1. Somehow I seemed to have annoyed you with my ignorance of HPUX. I'm sorry.

2. Wasn't familiar with the "dld" acronym, now I am. You told me, I didn't understand.

3. Didn't know there was a zombie master on HPUX, now I do.

4. Understand now why chatr on the executable puts the process into that protected page 0 group.

"Null pointer reference" is slightly misleading; any pointer value less than the protected page size will be trapped.

5. Thanks for the PHSS_37947 patch reference. I understand now why I need that. I wasn't able to pick that out of the list of differences on my own.

-- Cheers. I'll report results when we have a resolution.
Patrick Wallek
Honored Contributor
Solution

Re: "nulptr dereferences trap enabled"

vmguy,

You didn't annoy me. My ONLY response to this thread was the first one. Dennis Handly responded the rest of the time.

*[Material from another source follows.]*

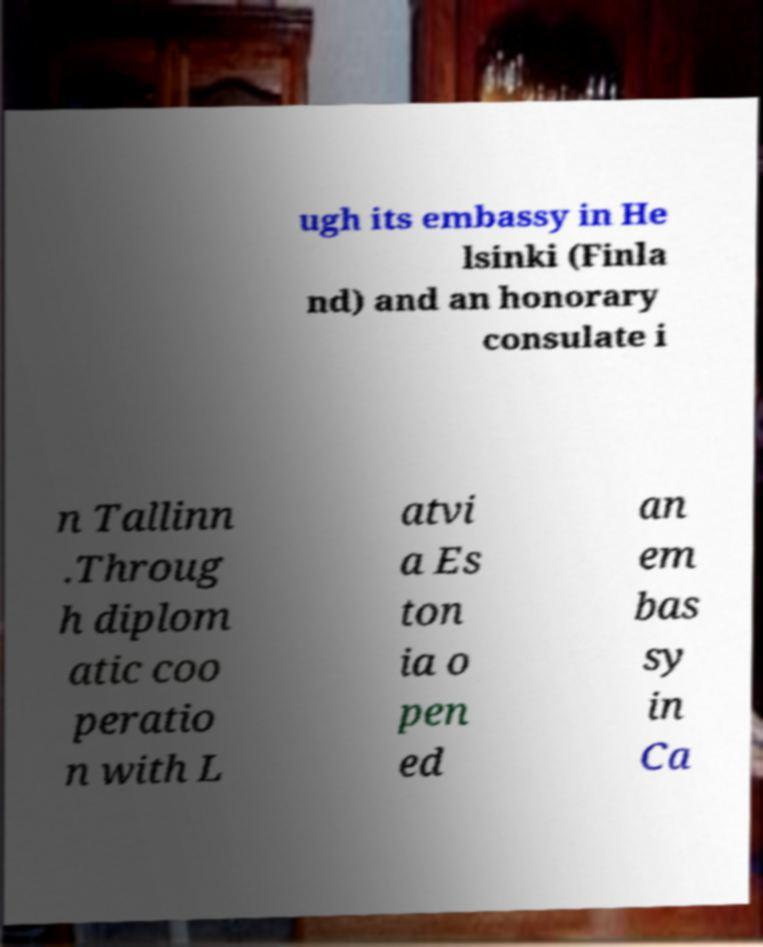I need the written content from this picture converted into text. Can you do that? ugh its embassy in He lsinki (Finla nd) and an honorary consulate i n Tallinn .Throug h diplom atic coo peratio n with L atvi a Es ton ia o pen ed an em bas sy in Ca

Please try to keep the people that respond straight.

No offense Dennis, but I really don't want to be you! :)
vmguy
Frequent Advisor

Re: "nulptr dereferences trap enabled"

> You get rid of zombies by killing the zombie master

"zombie master" is a term of your own creation to describe the "parent pid" of a zombie process?

Please alert when you want to play games on a technical forum.

http://en.wikipedia.org/wiki/Zombie_Master

http://research.facetime.com/term_show.php?id=90